Yesterday was our deadline and our last day of class/last official meetup wherein we evaluated the experience. I shared my piece about it already, but I was half-asleep then, and maybe I’m still half-asleep now. But here are my thoughts anyway:

  • It all starts with an idea. There are stories that have been living in your head (and heart) for a while now. My StrangeLit submission, Majesty, was one of those stories. It gave me a good head start, and I needed that given that the workshop was running for only five weeks.
  • It ends with an ending. The first draft of the first book I’ve ever written wound up to 160k words, precisely because it was winding round and round with no end in sight. Since then I’ve learned to outline, which someone like me with neurotic tendencies (haha) needs. The happy output of that is that I knew at the beginning how the story would end, and soon I was able to write the first chapter, and then the ending.

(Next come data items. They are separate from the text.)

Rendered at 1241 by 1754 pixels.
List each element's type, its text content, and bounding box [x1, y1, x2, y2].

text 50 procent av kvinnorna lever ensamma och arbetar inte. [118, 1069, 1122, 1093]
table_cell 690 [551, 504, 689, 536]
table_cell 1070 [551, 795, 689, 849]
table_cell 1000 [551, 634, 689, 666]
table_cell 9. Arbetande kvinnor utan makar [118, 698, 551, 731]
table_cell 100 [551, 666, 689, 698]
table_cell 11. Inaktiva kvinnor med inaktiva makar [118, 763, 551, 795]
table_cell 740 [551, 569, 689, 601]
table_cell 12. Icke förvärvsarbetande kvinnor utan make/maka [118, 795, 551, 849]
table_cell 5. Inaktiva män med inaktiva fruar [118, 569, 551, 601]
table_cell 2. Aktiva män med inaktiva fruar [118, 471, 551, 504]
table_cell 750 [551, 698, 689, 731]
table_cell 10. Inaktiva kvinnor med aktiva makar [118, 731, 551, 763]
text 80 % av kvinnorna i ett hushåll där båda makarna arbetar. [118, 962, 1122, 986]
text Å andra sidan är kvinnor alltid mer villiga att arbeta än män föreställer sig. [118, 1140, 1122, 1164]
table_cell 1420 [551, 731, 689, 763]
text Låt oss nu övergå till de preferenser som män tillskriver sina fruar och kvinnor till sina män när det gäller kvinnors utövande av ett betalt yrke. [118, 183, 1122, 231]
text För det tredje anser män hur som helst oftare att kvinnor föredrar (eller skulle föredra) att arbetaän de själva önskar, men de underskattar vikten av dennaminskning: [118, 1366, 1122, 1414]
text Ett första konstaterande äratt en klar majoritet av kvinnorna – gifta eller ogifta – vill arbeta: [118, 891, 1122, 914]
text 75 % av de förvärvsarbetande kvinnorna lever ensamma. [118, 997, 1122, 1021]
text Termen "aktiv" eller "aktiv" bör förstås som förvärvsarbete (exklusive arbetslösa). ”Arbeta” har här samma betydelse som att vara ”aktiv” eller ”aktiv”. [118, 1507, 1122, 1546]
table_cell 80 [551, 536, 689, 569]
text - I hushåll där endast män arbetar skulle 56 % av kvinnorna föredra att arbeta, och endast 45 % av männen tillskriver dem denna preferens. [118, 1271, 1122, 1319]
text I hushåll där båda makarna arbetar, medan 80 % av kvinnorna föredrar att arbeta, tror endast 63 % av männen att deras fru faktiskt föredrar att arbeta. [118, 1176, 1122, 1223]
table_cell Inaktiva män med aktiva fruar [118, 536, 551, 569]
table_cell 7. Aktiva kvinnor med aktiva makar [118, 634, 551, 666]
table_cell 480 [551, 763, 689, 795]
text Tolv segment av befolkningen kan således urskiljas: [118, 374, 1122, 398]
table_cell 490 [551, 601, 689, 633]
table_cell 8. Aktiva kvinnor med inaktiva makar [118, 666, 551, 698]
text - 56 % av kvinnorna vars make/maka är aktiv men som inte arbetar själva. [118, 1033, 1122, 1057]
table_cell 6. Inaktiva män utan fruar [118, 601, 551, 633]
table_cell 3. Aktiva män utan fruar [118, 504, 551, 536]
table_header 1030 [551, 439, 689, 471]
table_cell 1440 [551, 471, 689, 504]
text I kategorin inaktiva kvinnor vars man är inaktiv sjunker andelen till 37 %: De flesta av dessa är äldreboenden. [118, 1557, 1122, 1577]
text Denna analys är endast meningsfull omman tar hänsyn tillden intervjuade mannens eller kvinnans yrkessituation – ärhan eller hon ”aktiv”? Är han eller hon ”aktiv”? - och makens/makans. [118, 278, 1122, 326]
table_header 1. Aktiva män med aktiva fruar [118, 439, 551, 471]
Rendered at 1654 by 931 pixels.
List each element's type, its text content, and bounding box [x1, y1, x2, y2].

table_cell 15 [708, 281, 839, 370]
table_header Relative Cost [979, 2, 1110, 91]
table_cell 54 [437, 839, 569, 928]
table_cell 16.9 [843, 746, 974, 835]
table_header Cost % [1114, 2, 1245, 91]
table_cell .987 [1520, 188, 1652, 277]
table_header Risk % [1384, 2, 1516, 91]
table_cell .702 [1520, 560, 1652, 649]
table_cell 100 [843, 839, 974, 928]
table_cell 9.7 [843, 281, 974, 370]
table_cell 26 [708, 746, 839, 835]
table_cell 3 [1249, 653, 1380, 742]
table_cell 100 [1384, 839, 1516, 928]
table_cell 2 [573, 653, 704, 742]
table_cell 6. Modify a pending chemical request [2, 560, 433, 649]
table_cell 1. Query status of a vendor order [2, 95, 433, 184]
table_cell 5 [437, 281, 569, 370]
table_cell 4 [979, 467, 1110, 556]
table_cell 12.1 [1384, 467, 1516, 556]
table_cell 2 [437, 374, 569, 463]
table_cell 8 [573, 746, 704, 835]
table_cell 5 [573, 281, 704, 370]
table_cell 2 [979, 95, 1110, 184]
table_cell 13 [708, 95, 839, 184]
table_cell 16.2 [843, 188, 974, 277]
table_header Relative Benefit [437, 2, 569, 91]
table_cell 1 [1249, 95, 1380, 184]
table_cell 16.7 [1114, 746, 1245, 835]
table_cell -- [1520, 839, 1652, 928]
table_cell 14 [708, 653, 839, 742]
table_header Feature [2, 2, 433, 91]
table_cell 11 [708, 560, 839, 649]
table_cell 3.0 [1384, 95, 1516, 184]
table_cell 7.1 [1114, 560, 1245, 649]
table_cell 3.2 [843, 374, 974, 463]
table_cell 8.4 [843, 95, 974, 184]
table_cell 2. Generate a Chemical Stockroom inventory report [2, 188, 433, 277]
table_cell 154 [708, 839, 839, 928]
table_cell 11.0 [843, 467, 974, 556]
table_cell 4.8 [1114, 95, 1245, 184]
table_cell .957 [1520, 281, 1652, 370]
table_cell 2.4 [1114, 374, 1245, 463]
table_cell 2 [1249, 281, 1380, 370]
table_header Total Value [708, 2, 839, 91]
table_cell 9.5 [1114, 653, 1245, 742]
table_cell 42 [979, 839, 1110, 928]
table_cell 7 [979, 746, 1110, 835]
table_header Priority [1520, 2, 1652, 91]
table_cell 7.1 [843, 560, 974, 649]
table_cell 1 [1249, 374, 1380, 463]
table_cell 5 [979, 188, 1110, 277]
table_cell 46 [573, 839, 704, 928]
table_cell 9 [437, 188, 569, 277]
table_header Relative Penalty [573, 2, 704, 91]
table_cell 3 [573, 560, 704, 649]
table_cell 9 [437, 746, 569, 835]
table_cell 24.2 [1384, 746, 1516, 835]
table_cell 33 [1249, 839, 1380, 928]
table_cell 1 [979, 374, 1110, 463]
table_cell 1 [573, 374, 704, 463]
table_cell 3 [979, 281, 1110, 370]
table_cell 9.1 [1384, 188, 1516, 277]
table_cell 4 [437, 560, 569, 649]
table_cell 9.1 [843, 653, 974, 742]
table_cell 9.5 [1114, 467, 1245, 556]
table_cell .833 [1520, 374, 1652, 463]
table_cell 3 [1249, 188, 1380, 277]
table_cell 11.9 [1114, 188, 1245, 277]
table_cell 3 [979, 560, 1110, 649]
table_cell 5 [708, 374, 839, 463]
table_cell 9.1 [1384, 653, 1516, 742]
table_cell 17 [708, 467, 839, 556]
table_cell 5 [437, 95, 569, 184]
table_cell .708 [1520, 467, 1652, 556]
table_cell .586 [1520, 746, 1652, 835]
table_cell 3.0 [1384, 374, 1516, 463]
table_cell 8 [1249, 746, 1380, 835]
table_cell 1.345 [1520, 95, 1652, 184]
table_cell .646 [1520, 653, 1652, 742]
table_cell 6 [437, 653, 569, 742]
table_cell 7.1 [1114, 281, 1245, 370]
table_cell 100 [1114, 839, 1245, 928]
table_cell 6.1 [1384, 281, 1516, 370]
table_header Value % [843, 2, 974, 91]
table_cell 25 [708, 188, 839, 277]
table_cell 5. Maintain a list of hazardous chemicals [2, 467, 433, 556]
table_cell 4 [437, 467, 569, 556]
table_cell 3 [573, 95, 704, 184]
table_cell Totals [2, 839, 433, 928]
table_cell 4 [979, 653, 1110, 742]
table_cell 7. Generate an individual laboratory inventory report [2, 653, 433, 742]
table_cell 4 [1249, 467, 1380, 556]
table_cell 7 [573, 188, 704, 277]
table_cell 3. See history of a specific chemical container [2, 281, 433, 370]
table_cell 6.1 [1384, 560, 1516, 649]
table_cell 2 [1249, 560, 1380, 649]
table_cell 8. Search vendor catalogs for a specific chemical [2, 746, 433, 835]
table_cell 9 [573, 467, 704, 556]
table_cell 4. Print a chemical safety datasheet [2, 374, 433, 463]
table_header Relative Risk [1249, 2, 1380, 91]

I understood though that the ending wasn’t set in stone. I could always change it. But it’s good to have written it, because it meant my story was guided by something.
  • Writing is work. It is. But it’s happy, fulfilling work. Sometimes, I could sit in front of my laptop with fingers flying all over the keyboard and I’d be happy with the results. Sometimes I’d have finished eating a box of chocolates and still be staring at a blinking cursor (true story). But still you have to sit there and write something even if you think it’s crap. Which leads me to my next thought–
  • Writer’s block is a myth. Or it’s just the general term for when you’re too lazy, or too busy, or you think you suck too much to write anything. Maybe writer’s block is just the universally accepted term for self-doubt. Either way, if you know in your heart that you love writing, you have to fight it. And the only way to do that is to get your butt in a chair and keep it there until you get your word count up.
  • Deadline is a writer’s BFF. Having a deadline was a good motivator, and being reminded of it every so often by our periodic submission requirements was one of the best weapons against writer’s block. I learned to work back and create my personal deadlines, and I discovered a few things about how I write and how far I could push myself. For one, I learned that although I cram in everything else, I don’t cram when I have writing deadlines. Because priorities 😀
  • And so is peer pressure. The good kind. Following #StrangeLit on Twitter gave me a literal live feed of how everyone was doing, and it was the best kind of pressure. The encouraging, uplifting, cheerleading kind. I had the best classmates and the best mentors in the world for this workshop.
  • Write the next book. Recently, I learned the cure to that debilitating feeling of sadness, obscurity, and that general feeling of suck-ititis: just write. I just need to back to the reason why I’m doing this in the first place, and hold on to that. I’m going to make mistakes, and sometimes I will suck, but I’m going to learn and try new things and get better. And the only way to do that is to keep writing.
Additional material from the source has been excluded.